I am doing a simple snake game, but adding some stuff to make it a bit nicer. Then, I created a button, and when you press it, it should change the background color one by one, according to the list of colors I have.
But as I'm still a beginner, I can't find a way to do this. Well, it kinda works, because when you click the button, it goes to the last color in the function, which is already expected lol
And my only hope was to assign each color to a different variable, but as they all return void, and I can't do that inside a function apparently.
Another way would be to make different buttons for the different colors, but I really wanna know how to do it the first way lol
If someone could help me, I'd be really thankful
#Change bg color one by one
1 messages · Page 1 of 1 (latest)
Have a colour variable, then check for colours:
if colour == 0:
Set colour one
if colour == 1:
etc.
In the end of the function add 1 to colour and then use colour = clamp(colour, 0, “MAX NUMBER OF COLOURS”)

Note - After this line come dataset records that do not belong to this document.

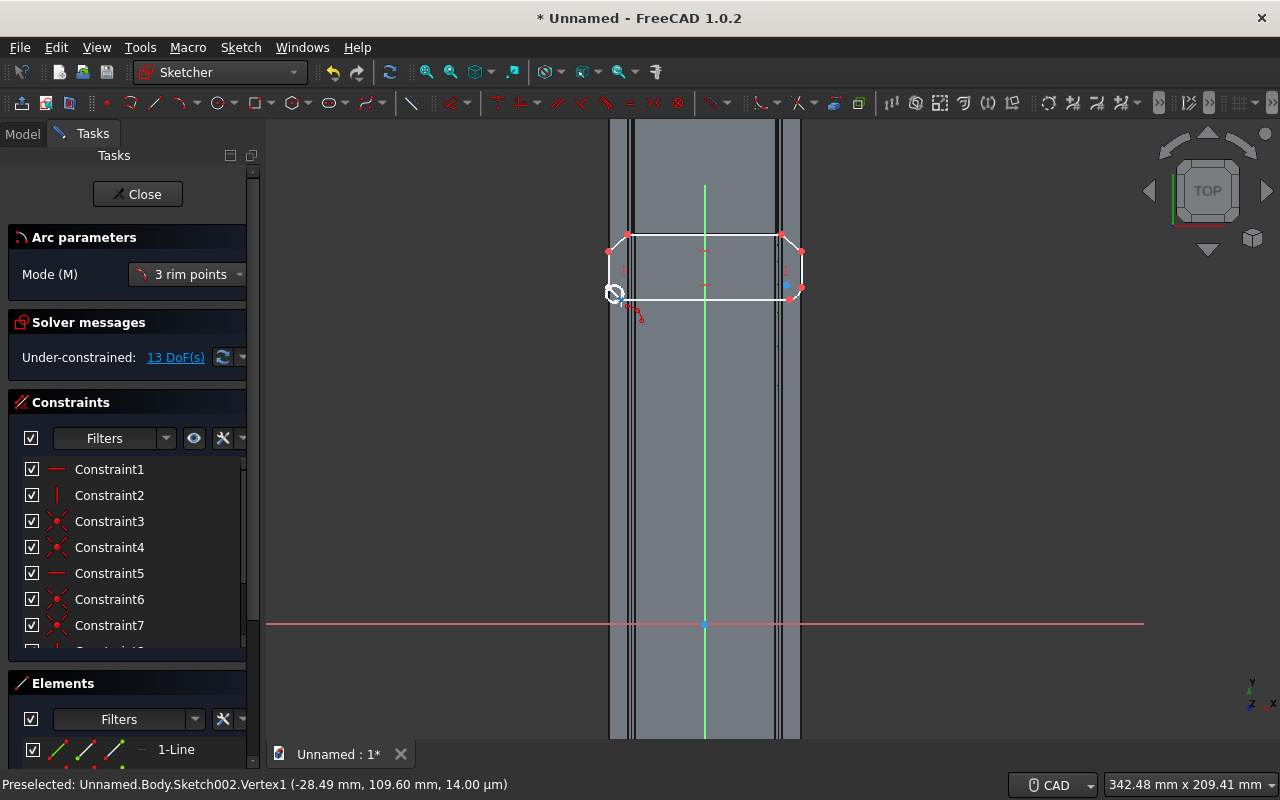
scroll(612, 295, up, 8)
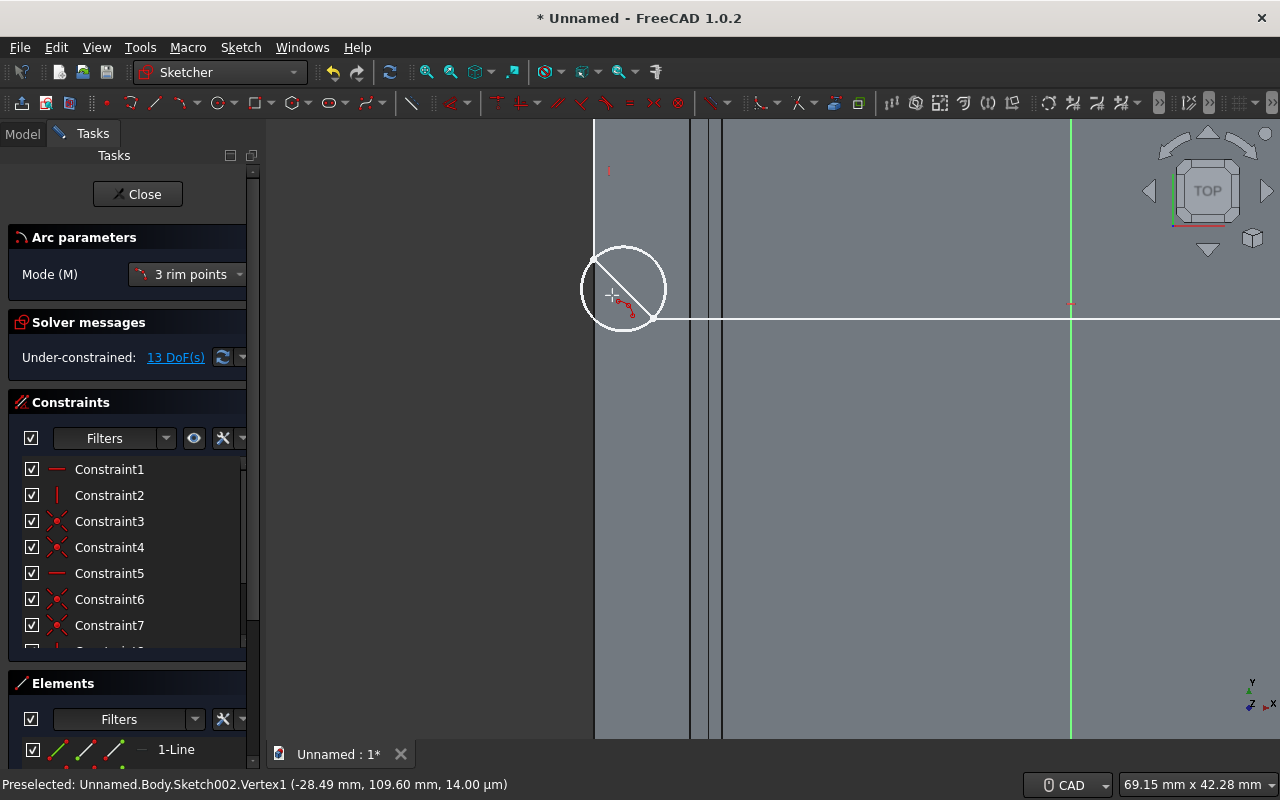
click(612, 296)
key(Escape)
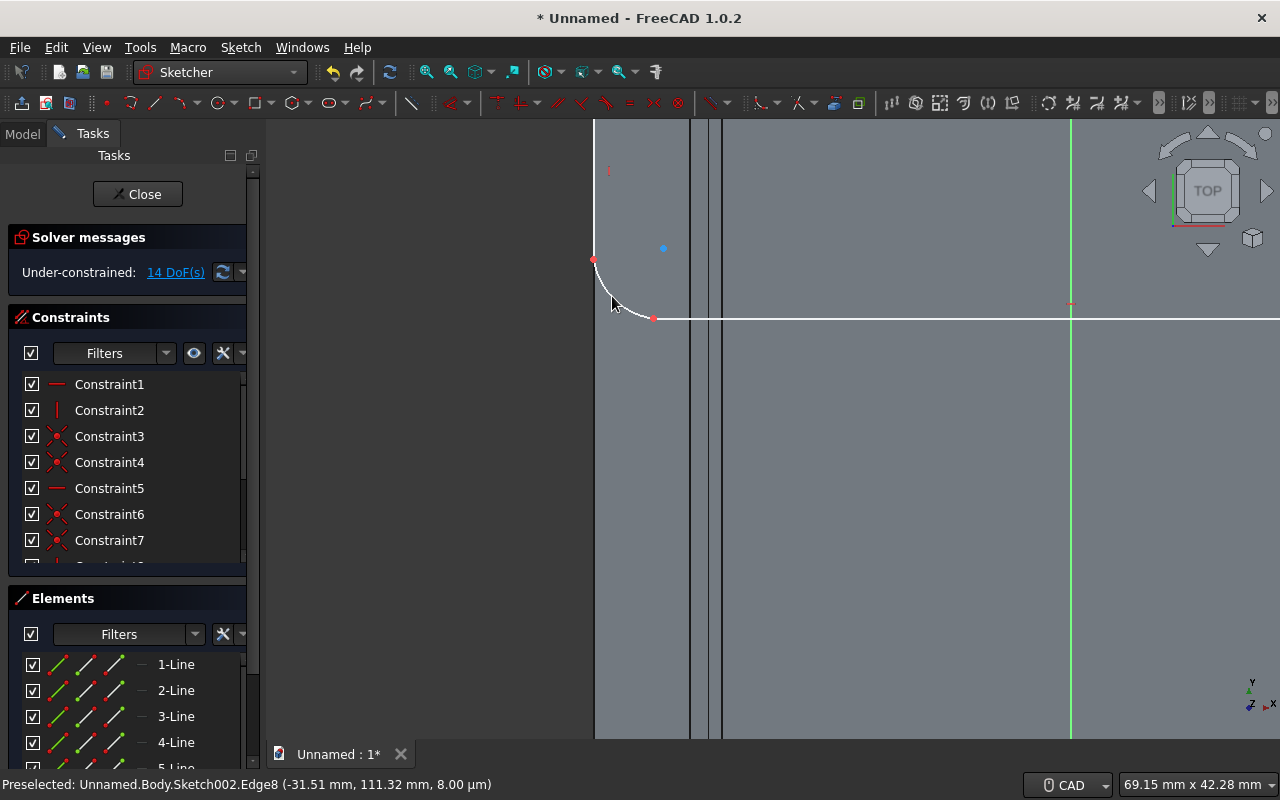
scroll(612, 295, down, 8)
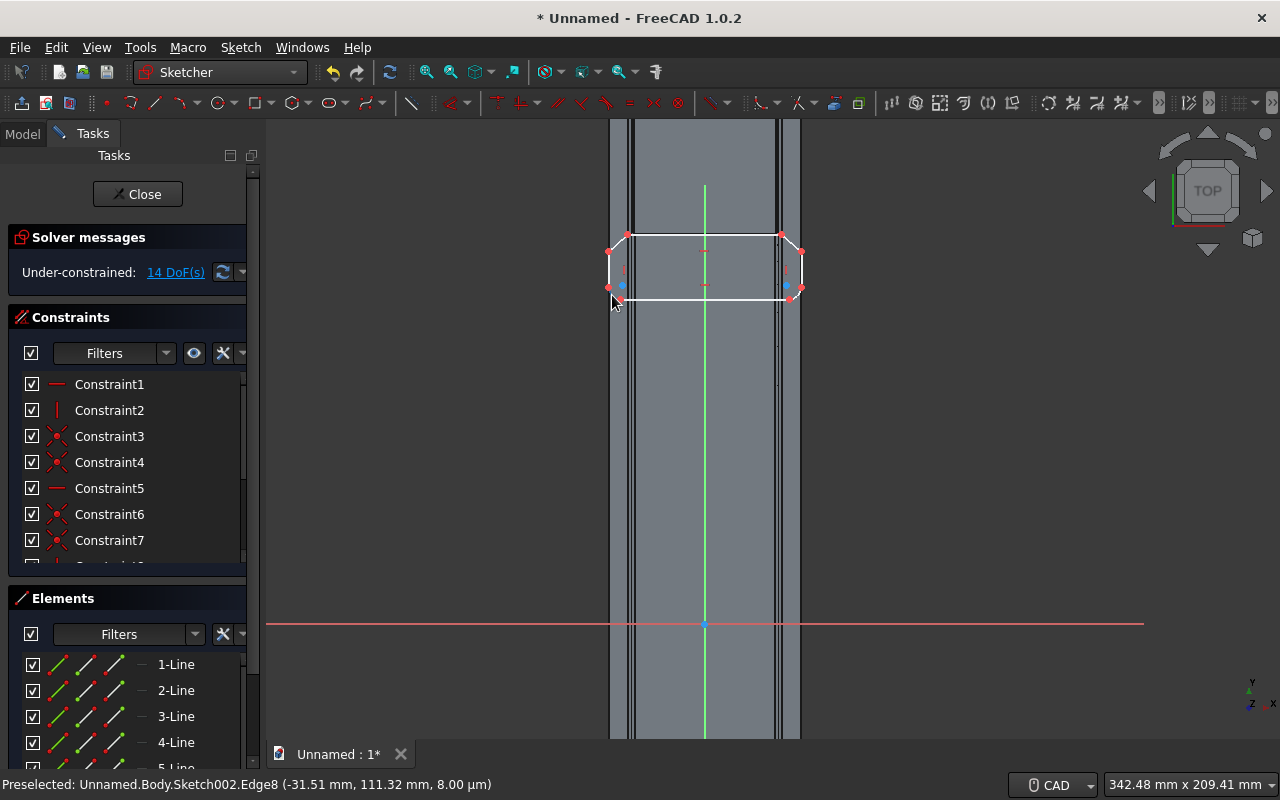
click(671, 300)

Do you know what clamp does by the way?
Actually add 1 to the colour before the if statements
ohh, okay, that makes much more sense. I was thinking about a really difficult way of doing it, and you just solved it with an if statement lol, thank you
actually no
Colour += 1
colour = clamp(colour, 0, 2)
if statements here
is it like, a mimimum and maximum limit for something? because you first defined it as color, then the min, which is 0, and the max
Yes sir
So that you can actually cycle thru colours
ohh, alright, thank you so much!
Try it and come back if you have problems
it worked 🙂
i have one more question, if you dont mind
if you wanna make it in a loop, you have to use for loops?
If you would want it or anything in a loop you can use the for I in something loop
I think…
Don’t really use loops that often
okay, thanks for your help again
What is suggested works.
I have a game with a lot of colors for character customization, the method I used when I got to larger numbers was to store all of the colors in an array, and to cycle through the colors in the array, and if that was nothing after it in the array start back at key 0. I'm not saying this is correct either, but incredibly easy to expand when you get to needing to cycle through lots of objects, colors, or whatever in a larger project.